WORK INSTRUCTION: Could you repeat every record below exactly, leaving out the pictures?

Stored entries
◆ ◆ ◆ ◆

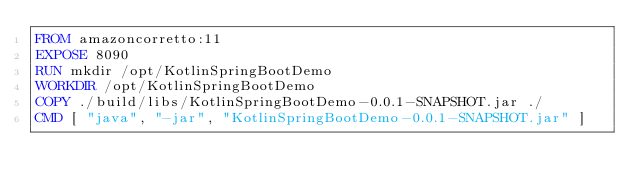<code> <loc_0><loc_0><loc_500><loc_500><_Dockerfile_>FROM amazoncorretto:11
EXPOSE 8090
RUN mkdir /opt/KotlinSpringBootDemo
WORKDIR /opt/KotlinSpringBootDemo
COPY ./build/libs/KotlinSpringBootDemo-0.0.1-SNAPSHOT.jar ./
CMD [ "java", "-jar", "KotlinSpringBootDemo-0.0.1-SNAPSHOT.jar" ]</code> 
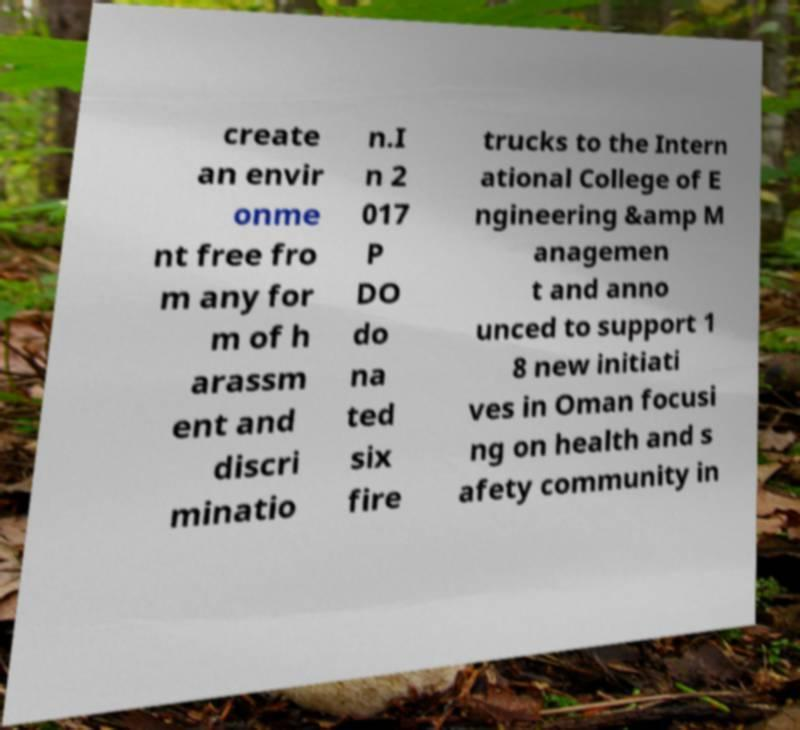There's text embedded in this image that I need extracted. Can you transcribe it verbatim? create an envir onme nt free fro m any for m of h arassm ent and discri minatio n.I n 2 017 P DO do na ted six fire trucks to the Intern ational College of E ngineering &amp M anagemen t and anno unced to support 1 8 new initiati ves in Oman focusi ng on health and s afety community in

◆ ◆ ◆ ◆

ANSWER TO THE PROBLEM:
<code> <loc_0><loc_0><loc_500><loc_500><_Dockerfile_>FROM amazoncorretto:11
EXPOSE 8090
RUN mkdir /opt/KotlinSpringBootDemo
WORKDIR /opt/KotlinSpringBootDemo
COPY ./build/libs/KotlinSpringBootDemo-0.0.1-SNAPSHOT.jar ./
CMD [ "java", "-jar", "KotlinSpringBootDemo-0.0.1-SNAPSHOT.jar" ]</code> 
There's text embedded in this image that I need extracted. Can you transcribe it verbatim? create an envir onme nt free fro m any for m of h arassm ent and discri minatio n.I n 2 017 P DO do na ted six fire trucks to the Intern ational College of E ngineering &amp M anagemen t and anno unced to support 1 8 new initiati ves in Oman focusi ng on health and s afety community in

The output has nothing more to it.